Tate v. Kassulke, Civ. A. No. C 75-0031 L(A).

Citation409 F. Supp. 651
Decision Date04 March 1976
Docket NumberCiv. A. No. C 75-0031 L(A).
CourtU.S. District Court — Western District of Kentucky
PartiesDon TATE et al., Plaintiffs, v. Howard C. KASSULKE et al., Defendants.

COPYRIGHT MATERIAL OMITTED

Curtis B. Stuckey, Kurt Berggren, Legal Aid Society of Louisville, Louisville, Ky., for plaintiffs.

Joseph V. Mobley, Louisville, Ky., for defendants.

FINDINGS OF FACT AND CONCLUSIONS OF LAW

ALLEN, District Judge.

This action was brought pursuant to 42 U.S.C. § 1983 by various inmates of the Jefferson County Jail seeking, among other things, preliminary injunctive relief to enjoin the prison officials from allegedly continuing to violate their constitutional rights. An evidentiary hearing was held which lasted two and one-half days. No complete transcript has been made of the testimony.
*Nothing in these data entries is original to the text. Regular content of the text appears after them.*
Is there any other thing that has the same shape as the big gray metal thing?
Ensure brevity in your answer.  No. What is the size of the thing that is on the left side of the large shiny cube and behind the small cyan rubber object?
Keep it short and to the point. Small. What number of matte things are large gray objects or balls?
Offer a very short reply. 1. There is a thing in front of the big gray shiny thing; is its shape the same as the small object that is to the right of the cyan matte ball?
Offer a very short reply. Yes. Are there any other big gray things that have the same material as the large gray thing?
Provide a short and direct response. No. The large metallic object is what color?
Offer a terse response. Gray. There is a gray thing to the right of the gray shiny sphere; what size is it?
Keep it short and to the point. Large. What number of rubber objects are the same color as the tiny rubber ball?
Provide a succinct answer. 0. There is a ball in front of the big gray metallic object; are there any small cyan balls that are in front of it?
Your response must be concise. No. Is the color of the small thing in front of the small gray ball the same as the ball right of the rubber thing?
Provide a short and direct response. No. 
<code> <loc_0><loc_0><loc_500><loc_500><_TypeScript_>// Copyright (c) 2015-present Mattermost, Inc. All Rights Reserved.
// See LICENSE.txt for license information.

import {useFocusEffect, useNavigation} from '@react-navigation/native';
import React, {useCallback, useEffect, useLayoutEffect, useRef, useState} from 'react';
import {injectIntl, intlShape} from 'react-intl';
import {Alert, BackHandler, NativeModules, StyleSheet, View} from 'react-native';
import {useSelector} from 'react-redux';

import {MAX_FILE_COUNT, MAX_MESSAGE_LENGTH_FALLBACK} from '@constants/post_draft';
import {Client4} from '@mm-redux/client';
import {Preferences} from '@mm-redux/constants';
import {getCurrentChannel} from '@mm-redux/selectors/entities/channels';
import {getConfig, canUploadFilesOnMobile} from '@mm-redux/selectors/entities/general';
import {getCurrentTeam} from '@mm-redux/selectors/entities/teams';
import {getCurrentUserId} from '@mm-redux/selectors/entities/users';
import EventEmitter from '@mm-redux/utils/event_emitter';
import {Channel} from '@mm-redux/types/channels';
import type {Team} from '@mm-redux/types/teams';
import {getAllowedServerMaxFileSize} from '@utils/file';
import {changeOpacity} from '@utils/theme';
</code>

It should be first observed that a similar action was filed in District Judge Rhodes Bratcher's court in 1972 which resulted in an agreed judgment that provided for the furnishing of certain amenities and necessities to the inmates. See Clements, et al. v. Hamilton, Sheriff, et al., Civil Action No. 7001, decided October 6, 1972. That agreed judgment more specifically provides, insofar as applicable, as follows:

1. Written rules, regulations and penalties are to be given the inmates and a three-man disciplinary board shall be continued in use to determine whether an offense has been committed and what action should be taken.

2. No censorship of outgoing mail to attorneys, elected officials and legal service organizations is permitted. Incoming mail is not to be read but to be opened and checked for contraband and other restricted items.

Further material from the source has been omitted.